Methods: Cytotoxicity, apoptosis, reactive oxygen species (ROS) generation, malondialdehyde (MDA) content, 4-hydroxynonenoic acid (4-HNE) level, superoxide dismutase (SOD), glutathione peroxidase (GSH-Px) and catalase (CAT) activities were measured by commercial kits. Inflammatory cytokines levels were determined by enzyme-linked immunosorbent assay (ELISA). The protein expressions were monitored by Western blot analysis.

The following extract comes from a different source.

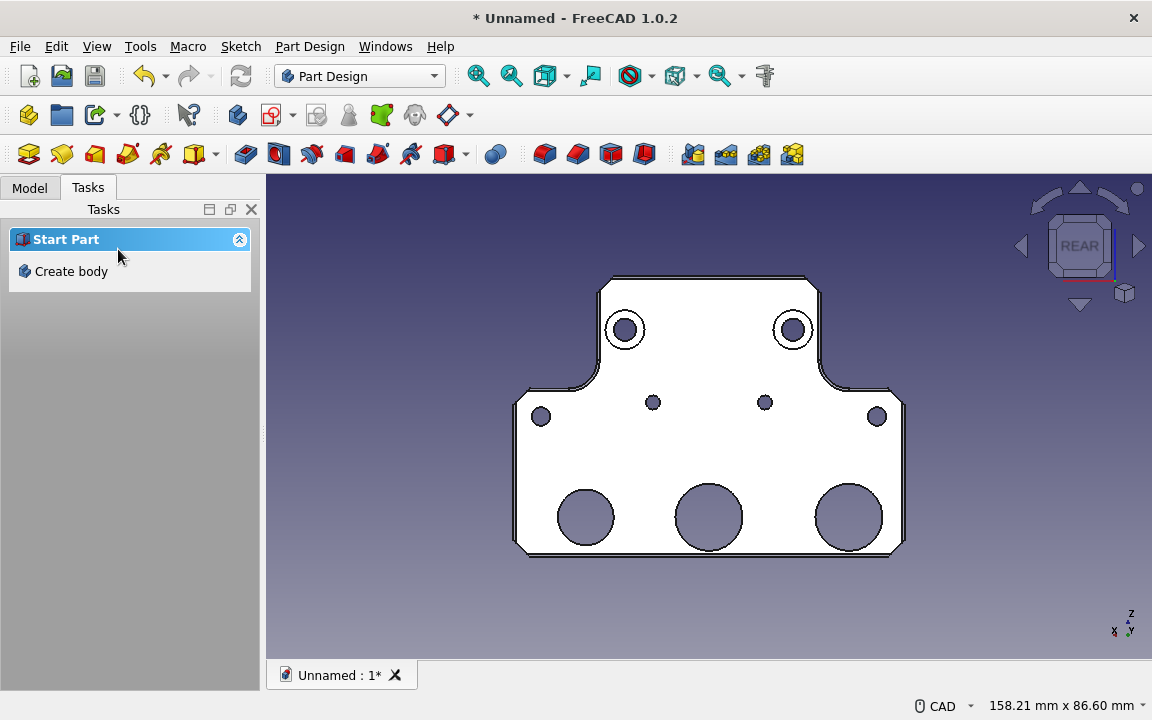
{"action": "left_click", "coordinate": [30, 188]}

Results: Naringenin significantly ameliorated OGD/R-induced cytotoxicity and apoptosis in HT22 cells. Meanwhile, naringenin promoted SIRT1 and FOXO1 protein expressions in OGD/R-subjected HT22 cells. In addition, naringenin attenuated OGD/R-induced cytotoxicity, apoptosis, oxidative stress (the increased ROS, MDA and 4-HNE levels, and the decreased SOD, GSH-Px and CAT activities) and inflammatory response (the increased tumor necrosis factor-α, interleukin [IL]-1β, and IL-6 levels and the decreased IL-10 level), which were blocked by the inhibition of the SIRT1/FOXO1 signaling pathway induced by SIRT1-siRNA transfection.
Conclusions: Naringenin protected HT22 cells against OGD/R injury depending on its antioxidant and anti-inflammatory activities via promoting the SIRT1/FOXO1 signaling pathway.